Once the function exists, calling it from a flow is one step.

  1. Open a resource, automation, or function flow in the Flow Designer.
  2. Click + between two nodes.
  3. In the Add Node panel, expand the AI category and click Call Natural Function.

Add Node panel with the AI category showing the Call Natural Function option highlighted.

  1. The Natural Functions picker lists every natural function in the current integration. Pick one.

  2. The configuration form opens. Each parameter on the function becomes a row; bind it to an in-scope value. Result is the variable name that holds the typed return; Variable Type is locked to the function's declared return type.

Call Natural Function configuration form with parameters bound to in-scope variables and the Save button enabled.

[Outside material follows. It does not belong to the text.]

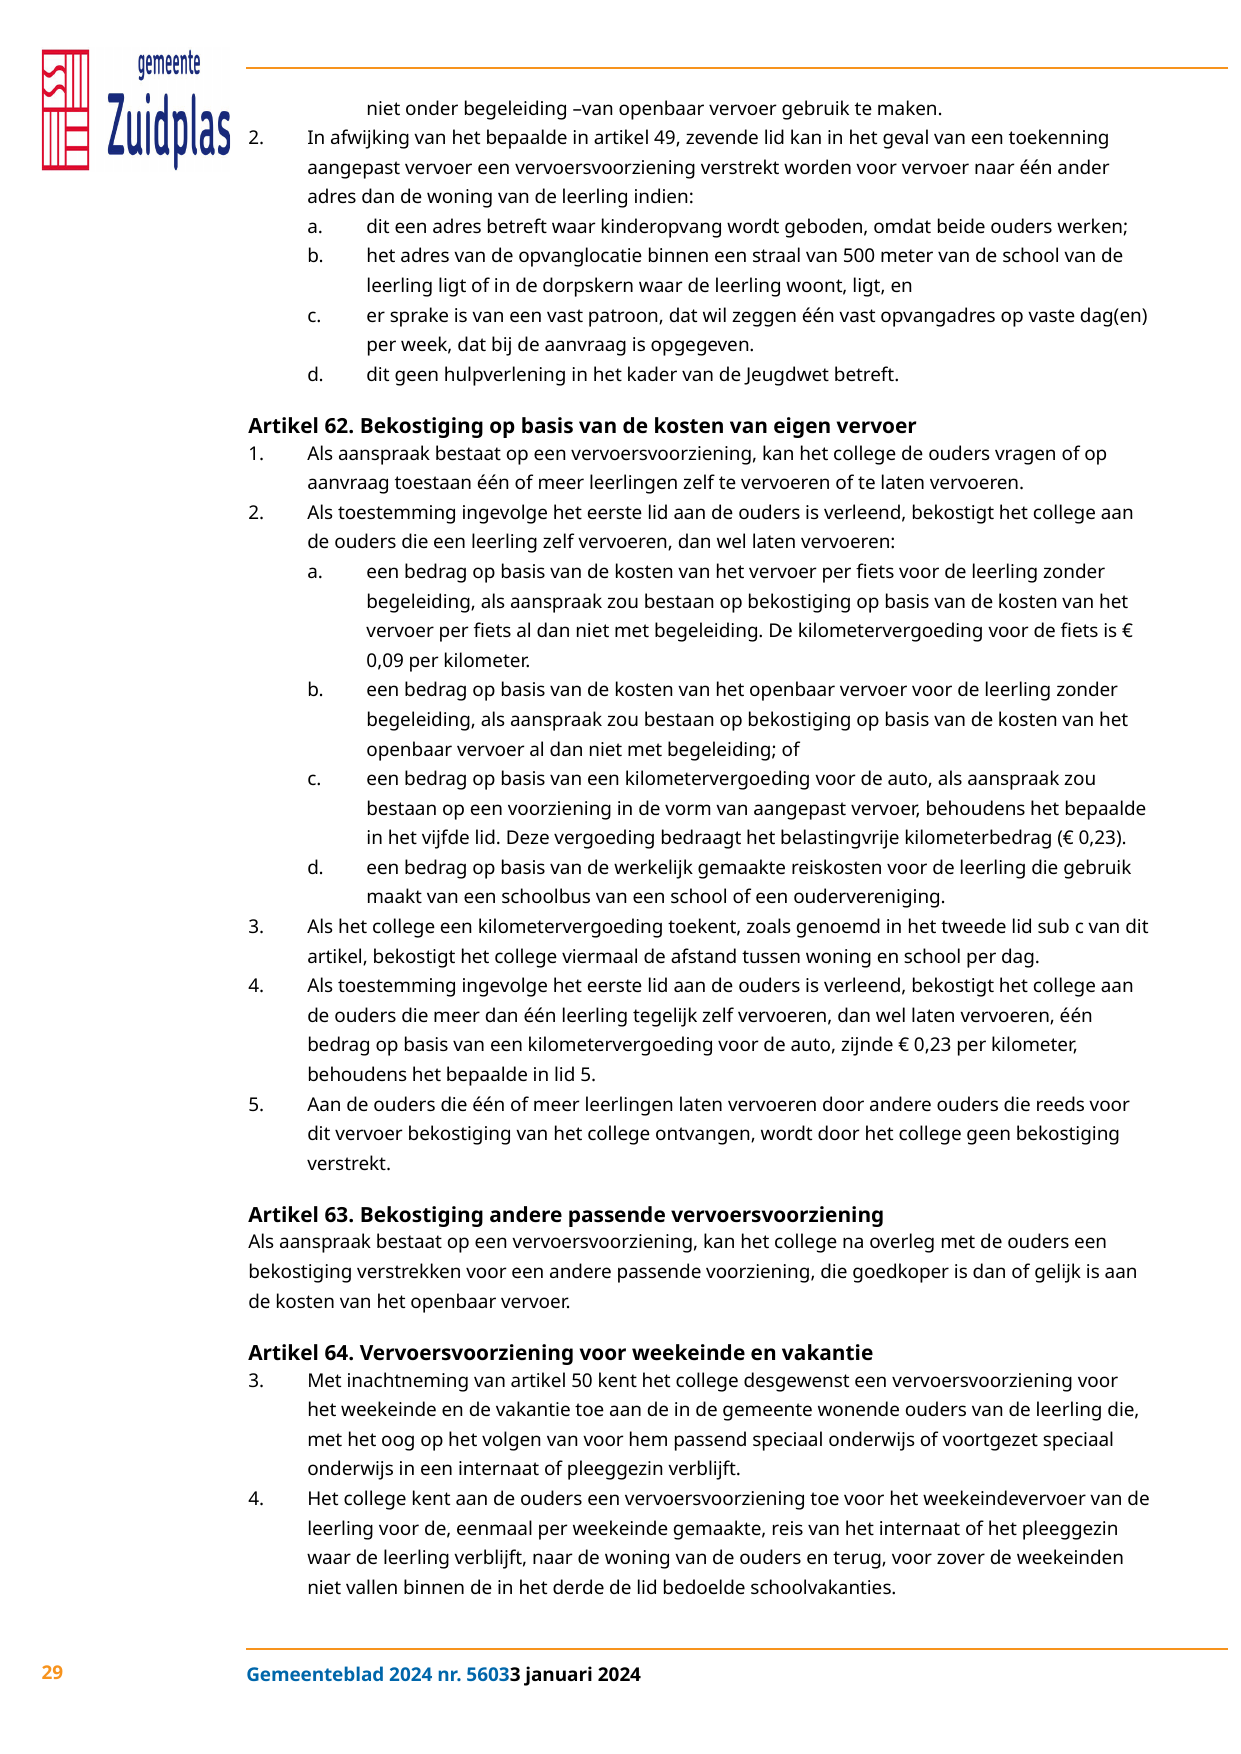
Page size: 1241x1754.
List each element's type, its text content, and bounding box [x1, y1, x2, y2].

  1. Click Save. A new node appears in the flow, named after the bound result variable. Use that variable like any other typed value: return it from an HTTP resource (it becomes the JSON response), branch on a field with Match, transform it with Map Data, or pass it to another node.

Final resource flow showing the natural function call node connected between Start and the Return node.

Calling from Another Function or Agent

Natural functions are first-class functions, so they can call each other from inside any flow. Open a function flow, select + Add Node > Statement > Call Function, and pick the natural function from the picker. Two-step prompts (extract first, then transform) are often cleaner than one giant prompt; each step has its own type and can be tested in isolation.

A natural function can also be wired up as an agent tool: the agent decides whether to call it, and the natural function's own model handles the call with a tighter prompt and stricter return type.